#### [About this exercise]
Please filter the entries for the word "Lengths" and copy every line that has it.

#### [Provided data]
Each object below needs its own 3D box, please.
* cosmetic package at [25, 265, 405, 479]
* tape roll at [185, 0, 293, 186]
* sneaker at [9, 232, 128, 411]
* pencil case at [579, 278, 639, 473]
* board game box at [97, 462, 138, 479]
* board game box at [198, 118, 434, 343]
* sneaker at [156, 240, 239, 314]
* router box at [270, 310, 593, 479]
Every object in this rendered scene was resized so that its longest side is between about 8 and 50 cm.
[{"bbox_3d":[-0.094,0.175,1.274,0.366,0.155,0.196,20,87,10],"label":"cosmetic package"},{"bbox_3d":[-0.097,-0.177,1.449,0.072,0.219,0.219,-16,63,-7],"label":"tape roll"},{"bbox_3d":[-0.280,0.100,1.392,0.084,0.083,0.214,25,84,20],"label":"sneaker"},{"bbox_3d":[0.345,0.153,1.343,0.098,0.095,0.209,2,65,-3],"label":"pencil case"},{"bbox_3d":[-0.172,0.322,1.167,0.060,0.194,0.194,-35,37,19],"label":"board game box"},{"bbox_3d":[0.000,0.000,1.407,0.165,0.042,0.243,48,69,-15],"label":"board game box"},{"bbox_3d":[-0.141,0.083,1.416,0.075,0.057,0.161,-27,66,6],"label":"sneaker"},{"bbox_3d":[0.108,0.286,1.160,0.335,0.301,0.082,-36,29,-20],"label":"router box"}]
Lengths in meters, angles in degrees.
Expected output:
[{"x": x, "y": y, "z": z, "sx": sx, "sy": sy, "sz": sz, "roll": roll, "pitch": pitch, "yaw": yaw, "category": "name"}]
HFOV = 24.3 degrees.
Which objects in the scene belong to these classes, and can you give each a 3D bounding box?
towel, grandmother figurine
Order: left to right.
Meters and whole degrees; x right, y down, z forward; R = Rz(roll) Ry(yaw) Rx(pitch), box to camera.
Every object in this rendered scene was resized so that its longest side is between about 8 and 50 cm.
==
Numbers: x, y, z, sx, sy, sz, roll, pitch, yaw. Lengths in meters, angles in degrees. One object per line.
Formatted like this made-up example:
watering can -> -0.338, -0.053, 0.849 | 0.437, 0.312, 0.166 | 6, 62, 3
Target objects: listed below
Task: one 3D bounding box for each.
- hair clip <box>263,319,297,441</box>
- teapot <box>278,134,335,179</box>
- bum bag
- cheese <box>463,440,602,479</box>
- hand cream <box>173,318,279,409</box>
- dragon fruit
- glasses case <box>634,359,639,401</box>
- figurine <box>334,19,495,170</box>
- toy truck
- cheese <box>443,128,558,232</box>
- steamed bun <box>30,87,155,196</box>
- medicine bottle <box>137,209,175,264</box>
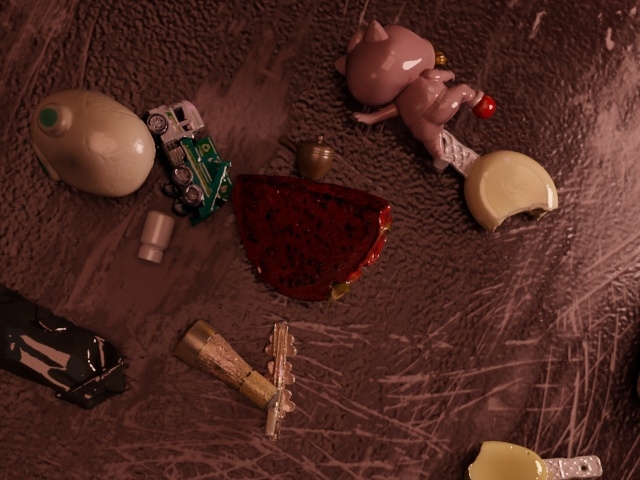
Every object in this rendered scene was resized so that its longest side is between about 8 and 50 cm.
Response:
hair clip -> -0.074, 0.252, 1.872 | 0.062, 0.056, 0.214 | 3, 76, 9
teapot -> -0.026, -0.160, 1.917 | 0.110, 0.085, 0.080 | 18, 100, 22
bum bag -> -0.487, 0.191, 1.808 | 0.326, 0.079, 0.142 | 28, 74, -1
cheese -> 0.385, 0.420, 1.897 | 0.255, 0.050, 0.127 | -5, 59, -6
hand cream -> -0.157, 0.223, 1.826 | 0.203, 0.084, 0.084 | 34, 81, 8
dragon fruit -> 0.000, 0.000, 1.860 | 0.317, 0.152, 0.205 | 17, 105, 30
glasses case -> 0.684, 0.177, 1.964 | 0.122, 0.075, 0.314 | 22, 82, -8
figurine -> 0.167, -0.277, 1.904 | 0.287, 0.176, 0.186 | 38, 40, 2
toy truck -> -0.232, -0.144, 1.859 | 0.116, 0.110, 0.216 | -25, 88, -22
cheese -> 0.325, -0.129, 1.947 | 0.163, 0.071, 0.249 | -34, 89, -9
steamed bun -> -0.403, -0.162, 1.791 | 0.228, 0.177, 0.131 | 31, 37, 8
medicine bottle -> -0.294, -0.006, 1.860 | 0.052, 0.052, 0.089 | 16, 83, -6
--
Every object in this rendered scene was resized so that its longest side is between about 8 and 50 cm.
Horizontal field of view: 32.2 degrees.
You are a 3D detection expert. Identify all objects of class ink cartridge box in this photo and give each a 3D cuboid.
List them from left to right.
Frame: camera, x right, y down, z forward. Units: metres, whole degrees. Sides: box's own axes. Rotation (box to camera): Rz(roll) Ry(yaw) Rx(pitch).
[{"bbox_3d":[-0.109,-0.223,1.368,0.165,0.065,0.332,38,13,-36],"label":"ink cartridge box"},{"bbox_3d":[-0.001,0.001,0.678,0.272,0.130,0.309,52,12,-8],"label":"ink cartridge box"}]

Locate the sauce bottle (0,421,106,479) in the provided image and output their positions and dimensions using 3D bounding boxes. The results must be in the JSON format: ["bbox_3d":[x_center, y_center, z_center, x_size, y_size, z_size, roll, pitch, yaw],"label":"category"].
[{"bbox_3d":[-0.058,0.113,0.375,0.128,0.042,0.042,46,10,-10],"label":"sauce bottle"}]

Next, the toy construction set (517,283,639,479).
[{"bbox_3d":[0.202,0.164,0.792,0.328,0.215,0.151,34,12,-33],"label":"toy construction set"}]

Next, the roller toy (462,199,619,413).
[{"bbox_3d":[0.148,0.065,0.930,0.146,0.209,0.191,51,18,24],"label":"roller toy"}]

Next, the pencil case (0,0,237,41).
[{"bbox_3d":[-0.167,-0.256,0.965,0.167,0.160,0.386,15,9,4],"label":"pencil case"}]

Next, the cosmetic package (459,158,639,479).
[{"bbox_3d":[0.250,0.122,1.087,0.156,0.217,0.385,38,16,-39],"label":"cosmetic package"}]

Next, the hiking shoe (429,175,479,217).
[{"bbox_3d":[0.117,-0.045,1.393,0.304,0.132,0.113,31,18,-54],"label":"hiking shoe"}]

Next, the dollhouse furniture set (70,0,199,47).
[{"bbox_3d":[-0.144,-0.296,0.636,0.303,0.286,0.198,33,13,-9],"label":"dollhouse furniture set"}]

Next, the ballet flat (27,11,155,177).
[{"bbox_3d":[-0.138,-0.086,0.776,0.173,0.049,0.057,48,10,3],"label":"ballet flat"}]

#### [Reply to the exercise]
Lengths in meters, angles in degrees.
Numbers: x, y, z, sx, sy, sz, roll, pitch, yaw. Lengths in meters, angles in degrees. One object per line.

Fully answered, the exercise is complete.